I have spoken to the school now 3 times, they have reassured me that my son’s issue will be looked into and investigated further.  Some of their solutions are “maybe he can play somewhere else away from those boys” or “he can find different friends” or “he can walk the yard with the teacher”.  REALLY?  the solution is to further victimise the victim, let’s humiliate them and make them an even bigger target by advertising the fact that people are being mean to them.

What needs to be done!  The issue is as complex as there are days in the week, however there are solutions that do not make the victim the one at fault or the one that needs removing from the problem.

Counsel the bullies and their parents – children learn their behaviour from someone, it may not be a parent they are copying it may be another care giver or family member an older sibling a neighbour or even a teacher, yes teachers can be bullies too.

REMOVE the bullies from the playground, advertise that they did something WRONG! Make examples, suspension with counselling, return to school on the provision they continue the counselling.  

Teachers need to undergo training on how to really deal with the issue.  Schools all have bullying policies that are hidden in the bottom desk drawers of Principal’s offices gathering dust, they are rarely implemented, but highly talked about when trying to “sell” the school to potential parents.

EVERY school needs 1 child advocate per classroom in the school – a teacher, an aide, an older student, someone that any child can approach and report instances of bullying.

It is important here to realise that bullying is NOT an Government issue – it is EVERY PERSON’s Issue, even in the workplace we turn a blind eye, we have an “OH it’s not happening to me so it’s not my business” attitude.  Well it’s time to STOP it, It’s TIME to stand up against the bullies in the world, the ones on the playground, the ones in the workplace and even the one’s in our homes.

Every bully has a parent, or a caregiver, they need to be part of the solution, they need to be made aware, forcefully if necessary, that their son or daughter is behaving in an unacceptable way and that things need to change.

If you would like further information about bullying in school look up your State Education Departments website or the Catholic Education Association in your State.

For information on bullying of kids on the Spectrum check out

amaze.org.au

Thank you.

2 responses to “Bullying…”

  1. Renee Avatar
    Renee

    I don’t have kids, but I was bullied at school.
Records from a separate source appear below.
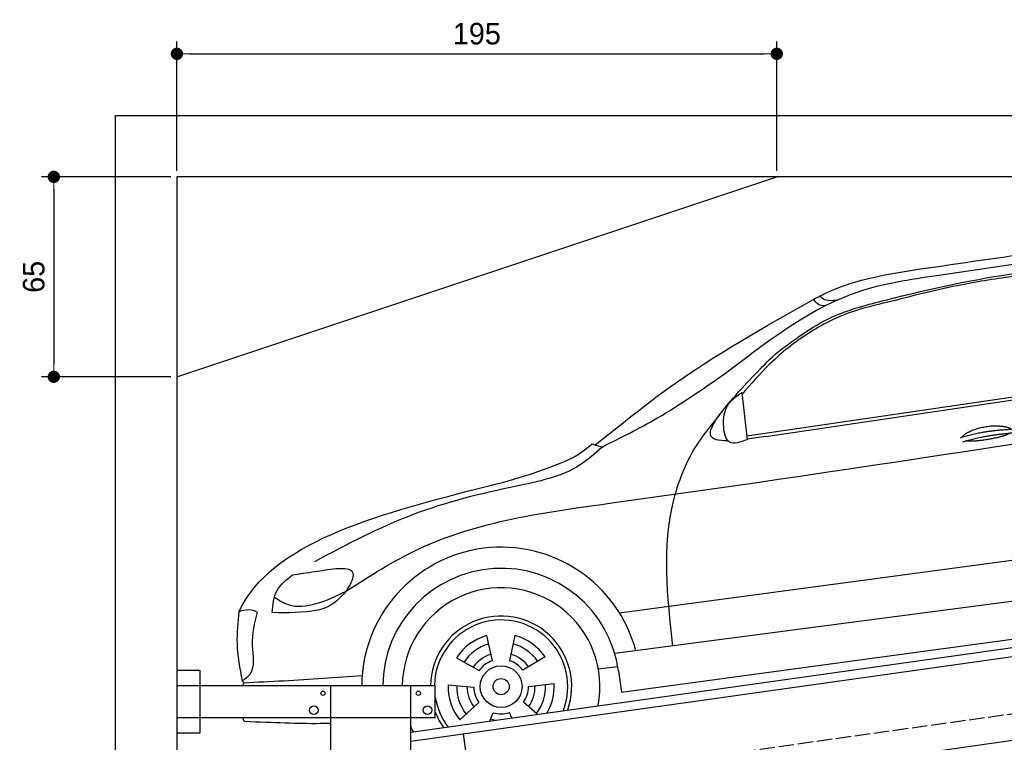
# Model space of a CAD drawing. Extents: x 13 to 6414, y -200 to 6101.
# Tile 4 of 6: x 13 to 3214, y 3752 to 6101. Entities that reach past the tile are written whole.
import ezdxf

# ---------------------------------------------------------------- set-up
doc = ezdxf.new("R2010")
doc.units = 0
doc.header["$LTSCALE"] = 10
doc.header["$MEASUREMENT"] = 0
doc.linetypes.add('GEN3', pattern=[6.25, 5, -1.25])
doc.layers.get('0').update_dxf_attribs({"linetype": 'CONTINUOUS'})
doc.layers.get('DEFPOINTS').update_dxf_attribs({"linetype": 'CONTINUOUS'})
doc.layers.add('3', color=6, linetype='GEN3')
doc.layers.add('CAR', color=1, linetype='CONTINUOUS')
doc.layers.add('AM_5', color=3, linetype='CONTINUOUS', lineweight=15)
doc.dimstyles.new('KLAUS_DXF', dxfattribs={"dimscale": 20, "dimtxt": 3.5, "dimasz": 2, "dimexe": 2, "dimexo": 1, "dimgap": 1.5, "dimtad": 1, "dimlfac": 0.1, "dimdsep": 46, "dimtxsty": 'STANDARD', "dimblk": 'DOT', "dimcen": 2, "dimclrd": 256, "dimclre": 256, "dimclrt": 2, "dimadec": 0, "dimazin": 0, "dimtfac": 1, "dimtmove": 2, "dimatfit": 3, "dimfxl": 1, "dimtolj": 1, "dimarcsym": 0})

# ---------------------------------------------------------------- blocks, each defined once
blk = doc.blocks.new('_DOT')
at = {"color": 0, "linetype": 'ByBlock'}
blk.add_line((-0.5, 0), (-1, 0), dxfattribs=at)
at = {"color": 0, "linetype": 'ByBlock', "const_width": 0.5}
blk.add_lwpolyline([(-0.25, 0, 1), (0.25, 0, 1)], format="xyb", close=True, dxfattribs=at)
blk = doc.blocks.new('*D4')
at = {"layer": 'AM_5', "lineweight": -2, "transparency": 16777216}
for p, q in [((524.1, 5610), (524.1, 6030)), ((2474.1, 5610), (2474.1, 6030)), ((564.1, 5990), (2434.1, 5990))]:
    blk.add_line(p, q, dxfattribs=at)
at = {"layer": 'DEFPOINTS', "color": 0, "transparency": 16777216}
for p in [(2474.1, 5990), (524.1, 5590), (2474.1, 5590)]:
    blk.add_point(p, dxfattribs=at)
at = {"layer": 'AM_5', "lineweight": -2, "transparency": 16777216, "xscale": 40, "yscale": 40, "zscale": 40, "rotation": 180}
blk.add_blockref('_DOT', (524.1, 5990), dxfattribs=at)
at = {"layer": 'AM_5', "lineweight": -2, "transparency": 16777216, "xscale": 40, "yscale": 40, "zscale": 40}
blk.add_blockref('_DOT', (2474.1, 5990), dxfattribs=at)
at = {"layer": 'AM_5', "color": 2, "transparency": 16777216, "insert": (1499.1, 6055), "char_height": 70, "attachment_point": 5}
blk.add_mtext('\\A1;195', dxfattribs=at)
blk = doc.blocks.new('*D6')
at = {"layer": 'AM_5', "lineweight": -2, "transparency": 16777216}
for p, q in [((504.1, 5590), (84.1, 5590)), ((124.1, 5550), (124.1, 4980)), ((504.1, 4940), (84.1, 4940))]:
    blk.add_line(p, q, dxfattribs=at)
at = {"layer": 'DEFPOINTS', "color": 0, "transparency": 16777216}
for p in [(524.1, 5590), (124.1, 4940), (524.1, 4940)]:
    blk.add_point(p, dxfattribs=at)
at = {"layer": 'AM_5', "lineweight": -2, "transparency": 16777216, "xscale": 40, "yscale": 40, "zscale": 40}
for p, rotation in [((124.1, 5590), 90), ((124.1, 4940), 270)]:
    blk.add_blockref('_DOT', p, dxfattribs=dict(at, rotation=rotation))
at = {"layer": 'AM_5', "color": 2, "transparency": 16777216, "insert": (59.1, 5265), "char_height": 70, "attachment_point": 5, "rotation": 90}
blk.add_mtext('\\A1;65', dxfattribs=at)
blk = doc.blocks.new('Car_K')
at = {"layer": 'CAR'}
for p, q in [((4395.3, 2725.6), (6371, 3016)), ((4457.7, 2723.8), (6379.4, 3009)), ((4379.1, 2866.5), (4396.7, 2713.3)), ((3981.4, 2150.9), (5902.5, 2408.8)), ((5954.6, 2278.4), (3966.6, 2017.9)), ((3987.9, 1892.3), (5969.5, 2160.9)), ((3549.7, 2076.4), (3568.1, 1994.6)), ((3641.8, 2077.1), (3624.8, 1995)), ((3452.6, 2004.6), (3525.4, 1963)), ((3740.1, 2007), (3667.9, 1964.2)), ((3913.1, 1968.5), (3976.3, 1975.6)), ((3978.5, 1961.3), (3987.9, 1892.3)), ((3424.8, 1916.8), (3508.3, 1908.9)), ((3769.3, 1919.6), (3685.9, 1910.4)), ((3463.1, 1802.2), (3525.1, 1858.6)), ((3714.2, 1820.9), (3669.9, 1859.8)), ((3559.9, 1799.2), (3571.3, 1825.7)), ((3631.9, 1809.3), (3624.3, 1826.1))]:
    blk.add_line(p, q, dxfattribs=at)
for radius in [67.9, 26.2]:
    blk.add_circle((3597.1, 1910.6), radius, dxfattribs=at)
for radius, start, end in [(453.2, 14.86, 179.5503), (384.7, 7.5734, 179.4702), (321.3, 348.8956, 179.3656), (229.5, 340.7371, 179.1121), (216.8, 338.9836, 179.0598), (172.4, 105.9643, 146.9655), (144.5, 106.605, 146.3248), (144.5, 34.605, 74.3248), (172.4, 33.9643, 74.9655), (110.3, 107.8341, 145.0957), (88.8, 109.097, 143.8328), (88.8, 37.097, 71.8328), (110.3, 35.8341, 73.0957), (172.4, 177.9643, 218.9655), (144.5, 178.605, 218.3248), (110.3, 179.8341, 217.0957), (88.8, 181.097, 215.8328), (88.8, 325.097, 359.8328), (110.3, 323.8341, 1.0957), (144.5, 322.605, 2.3248), (172.4, 330.4173, 2.9655), (216.8, 189.363, 217.0164), (229.5, 201.2851, 215.2629), (88.8, 253.097, 287.8328), (110.3, 251.8341, 260.346), (321.3, 203.8286, 207.1044)]:
    blk.add_arc((3597.1, 1910.6), radius, start, end, dxfattribs=at)
for points, degree, knots in [([(4960.4, 3268.4), (5220.3, 3306.4), (5747.3, 3383.4), (6478.6, 3434.2), (6859.6, 3211.3), (7001.7, 3128.2)], 3, [0, 0, 0, 0, 795.09308, 1612.404872, 2098.463299, 2098.463299, 2098.463299, 2098.463299]), ([(4341, 2940.3), (4474.3, 3042.3), (4677, 3197.5), (5124.5, 3264.4), (5403, 3304.4), (5597.3, 3332.3)], 3, [0, 0, 0, 0, 491.496147, 747.712732, 1339.159351, 1339.159351, 1339.159351, 1339.159351]), ([(4486.6, 2990.7), (4545.8, 3035.8), (4651.4, 3116.2), (4859.3, 3171.2), (5126.1, 3235.8), (5464.3, 3284.2), (5722.9, 3301), (5845.3, 3309)], 3, [0, 0, 0, 0, 220.805775, 393.417908, 637.451139, 1046.907631, 1414.974246, 1414.974246, 1414.974246, 1414.974246]), ([(4613.5, 3170.2), (4628.6, 3178.1), (4735.8, 3233.7), (4856.6, 3252.4), (4960.4, 3268.4)], 3, [0, 0, 0, 0, 51.147071, 361.60585, 361.60585, 361.60585, 361.60585]), ([(5333.6, 3253.4), (5308.7, 3250.3), (5223.6, 3239.4), (5062.6, 3213.6), (4929, 3179.4), (4854.3, 3160.3)], 3, [96.627312, 96.627312, 96.627312, 96.627312, 171.985535, 353.964722, 585.294651, 585.294651, 585.294651, 585.294651]), ([(3903, 2696.1), (3983.1, 2760.8), (4205.2, 2940.2), (4454.2, 3080.5), (4613.5, 3170.2)], 3, [0, 0, 0, 0, 308.510954, 855.342049, 855.342049, 855.342049, 855.342049]), ([(4649.4, 3148.3), (4641.9, 3148.7), (4626.1, 3149.7), (4617.8, 3163.2), (4613.5, 3170.2)], 3, [0, 0, 0, 0, 21.231322, 44.529597, 44.529597, 44.529597, 44.529597]), ([(4687.2, 3166.4), (4672.1, 3165), (4651.3, 3163.1), (4637, 3176.9), (4633.1, 3180.6)], 3, [0, 0, 0, 0, 42.119667, 57.904128, 57.904128, 57.904128, 57.904128]), ([(4854.3, 3160.3), (4814, 3150.9), (4723.1, 3129.7), (4591.5, 3062.5), (4473.7, 2968.4), (4409.3, 2894.3), (4379.8, 2860.3)], 3, [0, 0, 0, 0, 123.949889, 279.082644, 438.516219, 573.303533, 573.303533, 573.303533, 573.303533]), ([(4334.6, 2709.5), (4303.1, 2709), (4246, 2721.6), (4373.6, 2878.3), (4444.9, 2949.2), (4486.6, 2990.7)], 3, [93.12531, 93.12531, 93.12531, 93.12531, 180.032421, 319.648401, 516.477642, 516.477642, 516.477642, 516.477642]), ([(3925.1, 2689.5), (3985.3, 2719.6), (4130.6, 2792), (4263.3, 2885.5), (4341, 2940.3)], 3, [0, 0, 0, 0, 201.651658, 486.269195, 486.269195, 486.269195, 486.269195]), ([(3091.3, 2219.7), (3169.4, 2269.8), (3429.6, 2436.6), (4576, 2588.6), (5593.2, 2750.5), (6400, 2878.8)], 3, [0, 0, 0, 0, 276.230985, 920.854723, 3391.651354, 3391.651354, 3391.651354, 3391.651354]), ([(4396.7, 2713.3), (4374.8, 2705), (4333.8, 2689.5), (4314.2, 2765.6), (4325.9, 2829.2), (4364, 2855.9), (4379.1, 2866.5)], 3, [0, 0, 0, 0, 57.694639, 108.12902, 189.778781, 243.319174, 243.319174, 243.319174, 243.319174]), ([(4306.1, 2792.5), (4285.2, 2767.8), (4217.5, 2687.7), (4111.2, 2437.6), (4136.6, 2203.3), (4154, 2042.4)], 3, [0, 0, 0, 0, 97.223262, 314.251894, 789.804407, 789.804407, 789.804407, 789.804407]), ([(5096.6, 2721.7), (5100.1, 2730), (5124.3, 2747.3), (5178.1, 2764.2), (5225, 2761.1), (5250, 2752.2), (5255.3, 2747.7), (5255.6, 2747.5)], 5, [0.0314681, 0.0314681, 0.0314681, 0.0314681, 0.0314681, 0.0314681, 0.300106, 0.500106, 0.5095952, 0.5095952, 0.5095952, 0.5095952, 0.5095952, 0.5095952]), ([(5252.3, 2734.9), (5248.8, 2732.7), (5232.1, 2724.4), (5198.9, 2715.8), (5152.6, 2708), (5121.2, 2707.1), (5107.9, 2709.7)], 5, [0.6133618, 0.6133618, 0.6133618, 0.6133618, 0.6133618, 0.6133618, 0.700106, 0.9252293, 0.9252293, 0.9252293, 0.9252293, 0.9252293, 0.9252293]), ([(3925.1, 2689.5), (3902.2, 2668.7), (3824, 2597.3), (3599.7, 2554.9), (3303.2, 2482.1), (3095.7, 2372.5), (2990.2, 2316.7)], 3, [0, 0, 0, 0, 91.933634, 314.390135, 658.38076, 1014.064836, 1014.064836, 1014.064836, 1014.064836]), ([(3518, 2553.7), (3639.3, 2581.7), (3745, 2618.4), (3845.3, 2659.5), (3893, 2699.8)], 3, [0, 0, 0, 0, 247.321337, 334.292188, 334.292188, 334.292188, 334.292188]), ([(3893.1, 2699.9), (3897.9, 2698), (3908.5, 2693.9), (3919.4, 2691.2), (3925.3, 2689.7)], 3, [0, 0, 0, 0, 15.568021, 33.841736, 33.841736, 33.841736, 33.841736]), ([(3059.7, 2295), (3080.3, 2295.1), (3147.5, 2295.6), (3072, 2180.9), (2975.7, 2149), (2903.4, 2150.4), (2853.2, 2151.3)], 3, [0, 0, 0, 0, 50.979532, 165.98642, 230.339947, 376.301558, 376.301558, 376.301558, 376.301558]), ([(2853.2, 2151.3), (2855.3, 2177), (2859.4, 2227.5), (2899.4, 2258.5), (2919.1, 2273.7)], 3, [0, 0, 0, 0, 73.589328, 144.916366, 144.916366, 144.916366, 144.916366]), ([(2919.1, 2273.7), (2943, 2277.4), (2989.8, 2284.7), (3036.7, 2291.6), (3059.7, 2295)], 3, [0, 0, 0, 0, 72.340016, 142.14612, 142.14612, 142.14612, 142.14612]), ([(2860.2, 2201.5), (2874.7, 2192), (2914.8, 2165.3), (3002.7, 2177.2), (3060.5, 2204.9), (3091.3, 2219.7)], 3, [0, 0, 0, 0, 50.87875, 141.728856, 245.043202, 245.043202, 245.043202, 245.043202]), ([(2744.5, 2154.1), (2741.1, 2120.1), (2733.4, 2044.6), (2747.7, 1970), (2755.6, 1929)], 3, [0, 0, 0, 0, 101.994894, 226.406314, 226.406314, 226.406314, 226.406314]), ([(2803.8, 2152.6), (2795.3, 2117.7), (2779.6, 2053.5), (2801, 1961.9), (2765.2, 1935.9), (2755.6, 1929)], 3, [0, 0, 0, 0, 109.791406, 202.46401, 236.378188, 236.378188, 236.378188, 236.378188]), ([(3145.3, 1945.7), (3060.6, 1939.5), (2932.6, 1930.2), (2804.5, 1924.3), (2761, 1922.3)], 3, [0, 0, 0, 0, 254.53565, 384.934637, 384.934637, 384.934637, 384.934637]), ([(3043.2, 1790.9), (3031.6, 1790.6), (2945.8, 1788.9), (2860.9, 1793.2), (2762.4, 1796.9)], 3, [250.354392, 250.354392, 250.354392, 250.354392, 285.458466, 509.835857, 509.835857, 509.835857, 509.835857])]:
    blk.add_open_spline(points, degree=degree, knots=knots, dxfattribs=at)
for points, degree in [([(4457.7, 2723.8), (4436.9, 2720.6), (4416.2, 2717.4), (4396.5, 2714.9)], 3), ([(5090.7, 2719.8), (5164, 2744.5), (5270.4, 2748.1)], 2), ([(5097.2, 2706.5), (5169.3, 2728.8), (5269.6, 2736.4)], 2), ([(2744.5, 2154.1), (2850, 2378.9), (3184, 2466.3), (3518, 2553.7)], 3), ([(2803.8, 2152.6), (2787.9, 2162.9), (2767.7, 2161.4), (2744.5, 2154.1)], 3), ([(2761, 1922.3), (2759.2, 1924.6), (2757.3, 1926.8), (2755.6, 1929)], 3), ([(2757.6, 1914.2), (2758.7, 1916.9), (2759.9, 1919.6), (2761, 1922.3)], 3), ([(2762.4, 1796.9), (2760.8, 1801), (2759.2, 1805.1), (2757.7, 1809.2)], 3)]:
    blk.add_open_spline(points, degree=degree, dxfattribs=at)

msp = doc.modelspace()

# ---------------------------------------------------------------- linework, layer by layer
for p, q in [((324.09, 40), (324.09, 5790)), ((324.09, 5790), (6024.074, 5790)), ((5824.081, 5590), (524.081, 5590)), ((524.081, 5590), (524.081, 290)), ((524.081, 4940), (2474.081, 5590)), ((1284.081, 3785.181), (3762.92, 4133.559)), ((3770.066, 4104.269), (1284.081, 3754.886)), ((524.081, 3986.226), (599.081, 3986.226)), ((599.081, 3986.226), (599.081, 3781.226)), ((524.081, 3936.226), (1364.081, 3936.226)), ((1024.081, 2266.226), (1024.081, 3936.226)), ((1284.081, 296.226), (1284.081, 3936.226)), ((1364.081, 3831.226), (1364.081, 3936.226)), ((3988.805, 3862.357), (1284.081, 3482.233)), ((1364.081, 3831.226), (524.081, 3831.226)), ((599.081, 3781.226), (524.081, 3781.226)), ((1454.82, 3778.882), (1487.386, 3547.159))]:
    msp.add_line(p, q)
for centre, radius in [((999.081, 3911.226), 7), ((1309.081, 3911.226), 7), ((969.081, 3856.226), 14), ((1339.081, 3856.226), 14)]:
    msp.add_circle(centre, radius)
at = {"layer": '3'}
msp.add_line((747.49, 3494.675), (5754.898, 4198.42), dxfattribs=at)

# ---------------------------------------------------------------- block references
at = {"layer": 'CAR'}
msp.add_blockref('Car_K', (-2019.077, 2022.202), dxfattribs=at)

# ---------------------------------------------------------------- dimensions: what is measured, and where the dimension line sits
at = {"layer": 'AM_5'}
dim = msp.add_linear_dim(base=(2474.081, 5990), p1=(524.081, 5590), p2=(2474.081, 5590), dimstyle='KLAUS_DXF', override={"dimtol": 0, "dimlim": 0, "dimtp": 0, "dimtm": 0, "dimtfac": 1, "dimtdec": 2, "dimtolj": 1, "dimtzin": 7}, dxfattribs=at)
dim.commit()
dim.dimension.update_dxf_attribs({"geometry": '*D4', "text_midpoint": (1499.081, 6055)})
dim = msp.add_linear_dim(base=(124.09, 4940), p1=(524.081, 5590), p2=(524.081, 4940), angle=90, dimstyle='KLAUS_DXF', override={"dimtol": 0, "dimlim": 0, "dimtp": 0, "dimtm": 0, "dimtfac": 1, "dimtdec": 2, "dimtolj": 1, "dimtzin": 7}, dxfattribs=at)
dim.commit()
dim.dimension.update_dxf_attribs({"geometry": '*D6', "text_midpoint": (59.09, 5265)})

doc.saveas('drawing.dxf')

My mum talked to teachers and the principal and I was sent to see the school counsellor, whose advice was, “Treat them like a tree.” Huh? All sorts of things crossed my mind- was I supposed to cut the tree? Pee on the tree? Mark my initials into the tree? He meant ignore the bullies, but that doesn’t work and the tree thing just confused me. The primary school bullies gave up about year 8, the main bully gave up a year later when I was nice to her (she’d sprained her ankle and was using crutches, but couldn’t pick up her bag and was waiting for her friend, Bully #2, to come along. I offered to take her bag into the classroom and she never bullied me again, nor did her friends. God knows why I offered, though.)

  2. Cas Allan Avatar
    Cas Allan

    I didn’t get bullied at school, that came later in the work force and it scared me that people would be so mean. I had one woman take an instant dislike to me because I questioned my pay once. For that I was the very last person to be paid each week and rumours were spread around an entire news organisation that I was a lesbian (keeping in mind I was engaged to be married at the time). I left because she made my life hell. She got her come uppance about a year later when she had been sacked and she applied for a job at a real estate agent whom I knew personally. Suffice to say she didn’t get the job and never worked in Real Estate while I lived in the area 😛 Bullies do get theirs eventually but they need to get it sooner rather than later.